Locate all lines in the data below that hold "costs" and show them.

-- -- --

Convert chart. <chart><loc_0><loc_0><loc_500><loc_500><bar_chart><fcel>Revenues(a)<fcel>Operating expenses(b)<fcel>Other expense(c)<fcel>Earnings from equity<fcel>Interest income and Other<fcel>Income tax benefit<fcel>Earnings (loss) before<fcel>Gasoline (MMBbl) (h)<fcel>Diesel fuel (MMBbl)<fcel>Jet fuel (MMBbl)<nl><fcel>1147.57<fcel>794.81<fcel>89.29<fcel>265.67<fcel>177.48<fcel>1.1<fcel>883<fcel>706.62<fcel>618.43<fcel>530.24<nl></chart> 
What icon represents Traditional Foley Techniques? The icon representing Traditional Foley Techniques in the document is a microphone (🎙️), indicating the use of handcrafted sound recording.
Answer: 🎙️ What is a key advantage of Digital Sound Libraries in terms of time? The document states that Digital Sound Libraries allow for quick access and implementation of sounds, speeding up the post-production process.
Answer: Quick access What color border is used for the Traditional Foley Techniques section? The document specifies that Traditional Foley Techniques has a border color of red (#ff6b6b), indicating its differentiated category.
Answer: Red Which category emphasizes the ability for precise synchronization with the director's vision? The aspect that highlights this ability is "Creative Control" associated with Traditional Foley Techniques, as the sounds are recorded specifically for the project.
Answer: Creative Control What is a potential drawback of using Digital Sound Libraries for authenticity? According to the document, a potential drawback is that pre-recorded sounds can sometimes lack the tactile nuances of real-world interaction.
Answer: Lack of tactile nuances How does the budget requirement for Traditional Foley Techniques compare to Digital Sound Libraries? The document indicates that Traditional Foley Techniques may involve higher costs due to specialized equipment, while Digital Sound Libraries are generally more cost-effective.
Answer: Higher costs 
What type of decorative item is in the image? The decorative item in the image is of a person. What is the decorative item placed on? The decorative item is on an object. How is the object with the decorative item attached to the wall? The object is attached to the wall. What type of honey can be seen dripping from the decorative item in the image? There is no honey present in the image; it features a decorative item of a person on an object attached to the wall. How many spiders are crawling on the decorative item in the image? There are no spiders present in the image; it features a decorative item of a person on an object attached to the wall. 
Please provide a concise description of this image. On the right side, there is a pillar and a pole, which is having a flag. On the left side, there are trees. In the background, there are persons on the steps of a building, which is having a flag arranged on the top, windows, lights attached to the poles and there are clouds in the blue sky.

-- -- --

- [Finished exercise]:
Answer: Lack of tactile nuances How does the budget requirement for Traditional Foley Techniques compare to Digital Sound Libraries? The document indicates that Traditional Foley Techniques may involve higher costs due to specialized equipment, while Digital Sound Libraries are generally more cost-effective.
Answer: Higher costs 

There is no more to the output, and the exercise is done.